--- TASK DATA Enclosed Below ---

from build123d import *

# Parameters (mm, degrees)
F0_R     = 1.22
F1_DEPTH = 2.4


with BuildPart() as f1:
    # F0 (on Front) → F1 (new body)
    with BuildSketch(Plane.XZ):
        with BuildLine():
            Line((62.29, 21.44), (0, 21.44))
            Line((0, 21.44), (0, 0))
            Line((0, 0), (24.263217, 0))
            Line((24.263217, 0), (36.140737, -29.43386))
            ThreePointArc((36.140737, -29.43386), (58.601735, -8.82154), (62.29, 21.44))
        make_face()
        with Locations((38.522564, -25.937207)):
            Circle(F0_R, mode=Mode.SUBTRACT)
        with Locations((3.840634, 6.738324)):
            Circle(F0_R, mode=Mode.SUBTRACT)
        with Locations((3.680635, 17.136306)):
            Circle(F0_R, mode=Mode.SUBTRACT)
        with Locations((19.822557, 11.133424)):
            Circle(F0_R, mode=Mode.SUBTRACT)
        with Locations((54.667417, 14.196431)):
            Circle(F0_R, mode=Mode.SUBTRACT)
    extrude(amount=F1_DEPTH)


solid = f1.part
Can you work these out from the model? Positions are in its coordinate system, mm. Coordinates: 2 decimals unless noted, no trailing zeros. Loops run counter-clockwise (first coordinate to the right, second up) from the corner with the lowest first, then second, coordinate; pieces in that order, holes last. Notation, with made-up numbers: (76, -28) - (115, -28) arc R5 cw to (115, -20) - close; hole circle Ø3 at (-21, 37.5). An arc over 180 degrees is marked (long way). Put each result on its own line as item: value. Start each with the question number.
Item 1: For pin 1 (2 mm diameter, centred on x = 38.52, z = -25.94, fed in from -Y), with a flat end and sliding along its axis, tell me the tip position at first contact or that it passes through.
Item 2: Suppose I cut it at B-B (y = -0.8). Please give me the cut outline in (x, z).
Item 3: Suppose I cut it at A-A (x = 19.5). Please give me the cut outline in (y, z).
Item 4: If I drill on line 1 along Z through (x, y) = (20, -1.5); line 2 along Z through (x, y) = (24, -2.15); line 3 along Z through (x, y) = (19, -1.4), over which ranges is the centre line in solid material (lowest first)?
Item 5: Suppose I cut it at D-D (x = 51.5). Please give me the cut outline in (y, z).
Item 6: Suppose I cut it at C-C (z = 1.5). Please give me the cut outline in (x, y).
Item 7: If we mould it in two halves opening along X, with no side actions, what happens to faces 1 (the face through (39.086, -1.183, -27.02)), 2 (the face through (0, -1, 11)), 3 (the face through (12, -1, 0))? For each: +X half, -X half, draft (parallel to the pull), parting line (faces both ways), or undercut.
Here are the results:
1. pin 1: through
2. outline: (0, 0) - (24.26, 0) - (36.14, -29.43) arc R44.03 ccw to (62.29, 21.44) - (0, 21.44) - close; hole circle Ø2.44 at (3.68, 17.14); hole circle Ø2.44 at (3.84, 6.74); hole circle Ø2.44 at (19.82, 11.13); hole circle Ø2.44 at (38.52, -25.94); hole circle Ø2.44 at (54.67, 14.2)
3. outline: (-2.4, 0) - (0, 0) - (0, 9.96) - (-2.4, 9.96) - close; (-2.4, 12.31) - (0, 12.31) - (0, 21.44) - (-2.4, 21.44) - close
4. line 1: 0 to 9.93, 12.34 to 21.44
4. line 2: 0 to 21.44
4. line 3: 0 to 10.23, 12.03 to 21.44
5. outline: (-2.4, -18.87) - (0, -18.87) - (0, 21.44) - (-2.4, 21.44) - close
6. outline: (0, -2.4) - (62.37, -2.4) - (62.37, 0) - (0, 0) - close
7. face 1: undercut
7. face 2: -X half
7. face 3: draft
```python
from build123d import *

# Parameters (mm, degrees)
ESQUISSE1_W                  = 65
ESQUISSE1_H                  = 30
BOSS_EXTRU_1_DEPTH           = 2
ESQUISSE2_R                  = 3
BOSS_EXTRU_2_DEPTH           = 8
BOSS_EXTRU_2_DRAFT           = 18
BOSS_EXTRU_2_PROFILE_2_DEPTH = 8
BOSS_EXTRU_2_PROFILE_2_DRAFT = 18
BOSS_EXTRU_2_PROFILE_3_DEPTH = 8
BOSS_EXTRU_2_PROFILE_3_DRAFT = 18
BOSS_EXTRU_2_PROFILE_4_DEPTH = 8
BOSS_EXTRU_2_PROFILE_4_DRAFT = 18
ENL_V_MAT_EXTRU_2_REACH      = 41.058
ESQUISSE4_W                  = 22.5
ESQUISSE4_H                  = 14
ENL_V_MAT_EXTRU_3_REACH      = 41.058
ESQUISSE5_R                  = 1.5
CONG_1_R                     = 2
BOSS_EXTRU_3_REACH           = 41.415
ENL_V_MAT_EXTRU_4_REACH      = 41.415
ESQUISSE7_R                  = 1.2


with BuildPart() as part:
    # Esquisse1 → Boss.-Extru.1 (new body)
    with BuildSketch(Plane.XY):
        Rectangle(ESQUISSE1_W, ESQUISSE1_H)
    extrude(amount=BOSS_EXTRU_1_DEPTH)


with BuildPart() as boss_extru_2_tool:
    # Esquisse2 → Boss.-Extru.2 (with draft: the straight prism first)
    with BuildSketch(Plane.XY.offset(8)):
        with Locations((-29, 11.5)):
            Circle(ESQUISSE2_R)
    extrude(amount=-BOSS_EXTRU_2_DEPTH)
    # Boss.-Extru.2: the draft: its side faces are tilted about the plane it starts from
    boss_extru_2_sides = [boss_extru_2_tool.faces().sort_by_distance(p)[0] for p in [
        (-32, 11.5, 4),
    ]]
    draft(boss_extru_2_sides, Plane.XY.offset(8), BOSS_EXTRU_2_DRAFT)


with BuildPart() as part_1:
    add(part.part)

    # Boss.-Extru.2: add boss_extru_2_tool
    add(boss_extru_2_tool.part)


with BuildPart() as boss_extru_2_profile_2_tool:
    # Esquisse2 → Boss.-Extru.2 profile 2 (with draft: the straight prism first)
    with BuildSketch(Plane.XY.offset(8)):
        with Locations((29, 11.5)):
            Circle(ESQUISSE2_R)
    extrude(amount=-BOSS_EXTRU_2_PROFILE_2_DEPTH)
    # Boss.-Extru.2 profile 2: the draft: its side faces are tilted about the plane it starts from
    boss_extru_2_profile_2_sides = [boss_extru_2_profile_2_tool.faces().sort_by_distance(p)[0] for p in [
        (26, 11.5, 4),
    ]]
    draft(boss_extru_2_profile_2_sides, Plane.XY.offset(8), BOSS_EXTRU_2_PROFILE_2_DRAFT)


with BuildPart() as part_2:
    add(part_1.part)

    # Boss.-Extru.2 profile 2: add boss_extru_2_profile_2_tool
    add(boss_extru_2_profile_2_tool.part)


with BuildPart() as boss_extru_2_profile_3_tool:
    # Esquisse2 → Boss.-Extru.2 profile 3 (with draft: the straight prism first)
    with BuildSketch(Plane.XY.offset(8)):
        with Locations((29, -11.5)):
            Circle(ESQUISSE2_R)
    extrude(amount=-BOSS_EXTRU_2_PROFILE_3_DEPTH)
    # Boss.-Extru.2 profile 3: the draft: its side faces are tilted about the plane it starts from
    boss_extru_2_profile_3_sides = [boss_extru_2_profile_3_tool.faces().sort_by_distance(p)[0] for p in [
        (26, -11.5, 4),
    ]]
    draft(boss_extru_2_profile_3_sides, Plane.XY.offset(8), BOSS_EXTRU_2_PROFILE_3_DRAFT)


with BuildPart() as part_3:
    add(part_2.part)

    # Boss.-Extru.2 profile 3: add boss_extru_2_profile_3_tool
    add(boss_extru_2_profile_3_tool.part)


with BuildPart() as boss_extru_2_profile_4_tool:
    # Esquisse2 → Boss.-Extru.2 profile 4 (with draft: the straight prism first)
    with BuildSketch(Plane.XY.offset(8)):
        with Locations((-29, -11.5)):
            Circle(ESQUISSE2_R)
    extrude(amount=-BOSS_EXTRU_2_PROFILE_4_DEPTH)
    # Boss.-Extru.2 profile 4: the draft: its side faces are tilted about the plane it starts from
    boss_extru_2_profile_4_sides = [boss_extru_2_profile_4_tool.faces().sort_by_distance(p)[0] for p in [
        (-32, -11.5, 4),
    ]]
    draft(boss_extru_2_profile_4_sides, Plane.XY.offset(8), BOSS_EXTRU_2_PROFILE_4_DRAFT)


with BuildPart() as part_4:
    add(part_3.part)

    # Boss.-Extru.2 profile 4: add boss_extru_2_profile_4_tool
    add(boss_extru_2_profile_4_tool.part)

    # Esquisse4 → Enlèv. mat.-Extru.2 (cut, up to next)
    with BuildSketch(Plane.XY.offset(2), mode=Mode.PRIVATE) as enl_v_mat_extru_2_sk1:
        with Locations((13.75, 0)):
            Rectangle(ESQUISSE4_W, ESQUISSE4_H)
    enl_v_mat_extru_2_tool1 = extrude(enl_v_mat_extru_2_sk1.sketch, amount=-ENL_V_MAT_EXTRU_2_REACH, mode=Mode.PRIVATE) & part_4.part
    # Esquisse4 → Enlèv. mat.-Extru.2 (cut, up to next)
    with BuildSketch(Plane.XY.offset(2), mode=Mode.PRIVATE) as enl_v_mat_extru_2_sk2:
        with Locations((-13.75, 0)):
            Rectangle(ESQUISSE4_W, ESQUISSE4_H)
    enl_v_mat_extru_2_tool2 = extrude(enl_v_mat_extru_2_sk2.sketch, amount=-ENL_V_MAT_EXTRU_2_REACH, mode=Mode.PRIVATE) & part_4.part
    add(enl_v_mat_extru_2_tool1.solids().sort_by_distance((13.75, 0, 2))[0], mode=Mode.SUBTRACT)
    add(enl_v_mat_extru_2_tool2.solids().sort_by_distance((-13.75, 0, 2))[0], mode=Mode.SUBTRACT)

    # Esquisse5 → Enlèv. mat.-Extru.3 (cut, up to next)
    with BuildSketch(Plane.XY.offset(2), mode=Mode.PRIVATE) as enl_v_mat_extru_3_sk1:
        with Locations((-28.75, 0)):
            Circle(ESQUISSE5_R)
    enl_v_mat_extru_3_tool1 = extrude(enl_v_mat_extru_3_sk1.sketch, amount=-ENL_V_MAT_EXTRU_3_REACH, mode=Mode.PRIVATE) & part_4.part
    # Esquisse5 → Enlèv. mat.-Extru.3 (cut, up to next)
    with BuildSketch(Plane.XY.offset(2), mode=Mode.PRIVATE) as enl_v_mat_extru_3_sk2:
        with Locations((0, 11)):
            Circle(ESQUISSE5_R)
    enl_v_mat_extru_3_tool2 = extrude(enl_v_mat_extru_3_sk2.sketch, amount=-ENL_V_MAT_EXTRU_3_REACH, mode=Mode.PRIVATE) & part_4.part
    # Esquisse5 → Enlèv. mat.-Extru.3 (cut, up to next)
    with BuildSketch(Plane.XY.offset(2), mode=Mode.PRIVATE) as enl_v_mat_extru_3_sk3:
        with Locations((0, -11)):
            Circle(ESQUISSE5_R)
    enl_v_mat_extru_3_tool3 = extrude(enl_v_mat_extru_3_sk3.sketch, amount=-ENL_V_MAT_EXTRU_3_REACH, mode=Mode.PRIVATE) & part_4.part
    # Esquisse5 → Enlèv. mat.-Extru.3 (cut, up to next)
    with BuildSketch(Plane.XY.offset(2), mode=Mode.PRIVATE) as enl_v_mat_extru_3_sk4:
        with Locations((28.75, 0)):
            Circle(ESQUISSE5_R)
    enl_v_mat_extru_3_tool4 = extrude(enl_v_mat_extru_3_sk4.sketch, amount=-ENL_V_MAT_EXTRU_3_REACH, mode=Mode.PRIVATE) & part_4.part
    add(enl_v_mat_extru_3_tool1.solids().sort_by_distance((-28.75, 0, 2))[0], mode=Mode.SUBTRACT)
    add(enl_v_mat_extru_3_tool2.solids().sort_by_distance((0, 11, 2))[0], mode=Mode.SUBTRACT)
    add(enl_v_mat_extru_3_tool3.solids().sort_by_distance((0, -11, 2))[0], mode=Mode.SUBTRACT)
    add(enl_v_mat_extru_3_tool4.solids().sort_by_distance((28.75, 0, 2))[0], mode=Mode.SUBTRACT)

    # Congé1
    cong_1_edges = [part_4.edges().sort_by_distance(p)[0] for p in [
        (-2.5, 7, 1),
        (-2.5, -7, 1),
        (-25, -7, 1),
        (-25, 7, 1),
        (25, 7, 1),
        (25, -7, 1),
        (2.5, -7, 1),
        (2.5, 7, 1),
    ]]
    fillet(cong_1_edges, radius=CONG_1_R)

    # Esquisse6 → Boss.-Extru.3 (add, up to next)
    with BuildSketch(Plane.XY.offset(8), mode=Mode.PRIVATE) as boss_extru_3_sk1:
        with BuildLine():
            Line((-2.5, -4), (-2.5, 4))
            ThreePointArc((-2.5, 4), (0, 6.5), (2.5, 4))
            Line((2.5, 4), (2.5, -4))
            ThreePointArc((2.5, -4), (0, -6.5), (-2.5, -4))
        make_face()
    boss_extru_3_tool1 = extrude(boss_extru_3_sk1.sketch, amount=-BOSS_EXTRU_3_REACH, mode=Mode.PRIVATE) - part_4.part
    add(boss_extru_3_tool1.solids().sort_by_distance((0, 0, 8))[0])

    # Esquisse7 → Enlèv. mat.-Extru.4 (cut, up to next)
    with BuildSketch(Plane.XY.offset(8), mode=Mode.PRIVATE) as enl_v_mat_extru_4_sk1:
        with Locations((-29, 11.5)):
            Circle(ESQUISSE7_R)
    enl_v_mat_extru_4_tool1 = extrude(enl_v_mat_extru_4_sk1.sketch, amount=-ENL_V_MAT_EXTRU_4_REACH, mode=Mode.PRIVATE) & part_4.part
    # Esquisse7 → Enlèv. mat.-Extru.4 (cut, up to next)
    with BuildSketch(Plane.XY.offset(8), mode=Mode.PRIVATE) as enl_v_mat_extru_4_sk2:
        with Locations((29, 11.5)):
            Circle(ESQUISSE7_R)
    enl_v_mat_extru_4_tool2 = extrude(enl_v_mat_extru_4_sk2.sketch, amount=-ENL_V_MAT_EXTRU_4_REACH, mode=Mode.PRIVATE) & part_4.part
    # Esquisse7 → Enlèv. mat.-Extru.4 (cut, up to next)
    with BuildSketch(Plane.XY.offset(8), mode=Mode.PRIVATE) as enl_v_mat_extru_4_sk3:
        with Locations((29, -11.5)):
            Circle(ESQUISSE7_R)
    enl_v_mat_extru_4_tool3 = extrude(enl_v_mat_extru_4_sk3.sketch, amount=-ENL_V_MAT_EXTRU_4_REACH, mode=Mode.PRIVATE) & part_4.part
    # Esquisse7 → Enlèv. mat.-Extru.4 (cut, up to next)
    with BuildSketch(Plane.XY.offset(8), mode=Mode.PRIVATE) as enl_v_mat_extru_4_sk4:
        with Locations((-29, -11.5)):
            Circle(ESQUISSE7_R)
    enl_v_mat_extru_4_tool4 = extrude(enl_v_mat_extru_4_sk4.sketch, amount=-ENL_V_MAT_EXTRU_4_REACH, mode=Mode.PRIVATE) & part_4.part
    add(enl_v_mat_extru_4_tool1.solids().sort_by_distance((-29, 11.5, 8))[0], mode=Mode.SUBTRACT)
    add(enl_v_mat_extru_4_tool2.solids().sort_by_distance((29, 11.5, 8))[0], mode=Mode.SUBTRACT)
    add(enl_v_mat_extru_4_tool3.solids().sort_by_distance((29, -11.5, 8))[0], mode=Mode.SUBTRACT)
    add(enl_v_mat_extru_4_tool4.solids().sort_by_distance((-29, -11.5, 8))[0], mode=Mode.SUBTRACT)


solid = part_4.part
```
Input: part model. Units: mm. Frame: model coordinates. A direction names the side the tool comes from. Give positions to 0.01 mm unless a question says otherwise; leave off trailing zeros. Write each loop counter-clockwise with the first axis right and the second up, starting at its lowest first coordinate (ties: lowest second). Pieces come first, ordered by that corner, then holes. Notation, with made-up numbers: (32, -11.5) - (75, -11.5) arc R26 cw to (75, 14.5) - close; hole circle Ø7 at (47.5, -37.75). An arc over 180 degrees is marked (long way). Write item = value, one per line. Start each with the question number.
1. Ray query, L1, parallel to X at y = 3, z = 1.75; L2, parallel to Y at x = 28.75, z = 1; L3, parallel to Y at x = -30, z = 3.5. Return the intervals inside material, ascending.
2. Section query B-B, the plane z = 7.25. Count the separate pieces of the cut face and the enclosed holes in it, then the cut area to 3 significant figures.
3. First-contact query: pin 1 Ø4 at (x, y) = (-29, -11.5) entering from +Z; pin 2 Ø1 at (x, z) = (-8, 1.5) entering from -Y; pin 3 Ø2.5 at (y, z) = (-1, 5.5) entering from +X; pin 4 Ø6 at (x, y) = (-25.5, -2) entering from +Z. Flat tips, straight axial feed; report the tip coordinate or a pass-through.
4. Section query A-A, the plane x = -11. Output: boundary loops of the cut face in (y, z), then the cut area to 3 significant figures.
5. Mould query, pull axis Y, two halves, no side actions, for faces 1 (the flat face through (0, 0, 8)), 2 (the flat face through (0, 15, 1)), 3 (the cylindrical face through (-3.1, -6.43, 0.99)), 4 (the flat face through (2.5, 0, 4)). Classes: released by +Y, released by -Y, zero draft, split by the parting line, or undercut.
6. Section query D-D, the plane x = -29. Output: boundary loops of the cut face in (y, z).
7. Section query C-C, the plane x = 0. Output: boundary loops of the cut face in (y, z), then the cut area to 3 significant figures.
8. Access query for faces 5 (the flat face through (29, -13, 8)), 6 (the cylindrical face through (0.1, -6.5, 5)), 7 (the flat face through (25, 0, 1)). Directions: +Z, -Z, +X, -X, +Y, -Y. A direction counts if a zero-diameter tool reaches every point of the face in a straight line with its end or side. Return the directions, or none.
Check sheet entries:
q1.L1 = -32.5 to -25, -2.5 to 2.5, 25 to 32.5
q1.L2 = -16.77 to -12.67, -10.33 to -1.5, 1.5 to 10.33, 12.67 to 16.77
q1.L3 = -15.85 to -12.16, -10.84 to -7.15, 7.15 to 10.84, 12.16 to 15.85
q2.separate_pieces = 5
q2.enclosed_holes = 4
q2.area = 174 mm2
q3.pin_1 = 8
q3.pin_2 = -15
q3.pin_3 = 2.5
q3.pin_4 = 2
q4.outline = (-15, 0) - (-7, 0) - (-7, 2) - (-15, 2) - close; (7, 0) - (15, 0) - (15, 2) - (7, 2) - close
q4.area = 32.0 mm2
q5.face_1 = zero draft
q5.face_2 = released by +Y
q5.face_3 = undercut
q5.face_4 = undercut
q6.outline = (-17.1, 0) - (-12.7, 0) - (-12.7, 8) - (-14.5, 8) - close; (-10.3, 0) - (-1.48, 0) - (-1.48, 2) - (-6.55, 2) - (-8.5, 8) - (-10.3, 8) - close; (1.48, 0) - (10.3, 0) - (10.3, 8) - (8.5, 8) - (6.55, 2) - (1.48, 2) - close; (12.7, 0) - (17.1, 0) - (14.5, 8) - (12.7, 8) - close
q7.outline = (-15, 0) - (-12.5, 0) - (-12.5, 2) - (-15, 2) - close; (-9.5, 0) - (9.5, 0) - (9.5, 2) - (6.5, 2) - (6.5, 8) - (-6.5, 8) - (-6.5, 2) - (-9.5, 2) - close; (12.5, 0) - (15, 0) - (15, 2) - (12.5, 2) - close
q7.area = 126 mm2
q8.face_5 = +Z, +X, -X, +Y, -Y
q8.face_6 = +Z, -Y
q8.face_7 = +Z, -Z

--- End of Enclosed TASK DATA ---

• **WHAT IS EXPECTED**
Send back the lines of the records word for word, from the very first through the line containing "Line((24.263217, 0), (36.140737, -29.43386))".

• **WRITTEN RESPONSE**
from build123d import *

# Parameters (mm, degrees)
F0_R     = 1.22
F1_DEPTH = 2.4


with BuildPart() as f1:
    # F0 (on Front) → F1 (new body)
    with BuildSketch(Plane.XZ):
        with BuildLine():
            Line((62.29, 21.44), (0, 21.44))
            Line((0, 21.44), (0, 0))
            Line((0, 0), (24.263217, 0))
            Line((24.263217, 0), (36.140737, -29.43386))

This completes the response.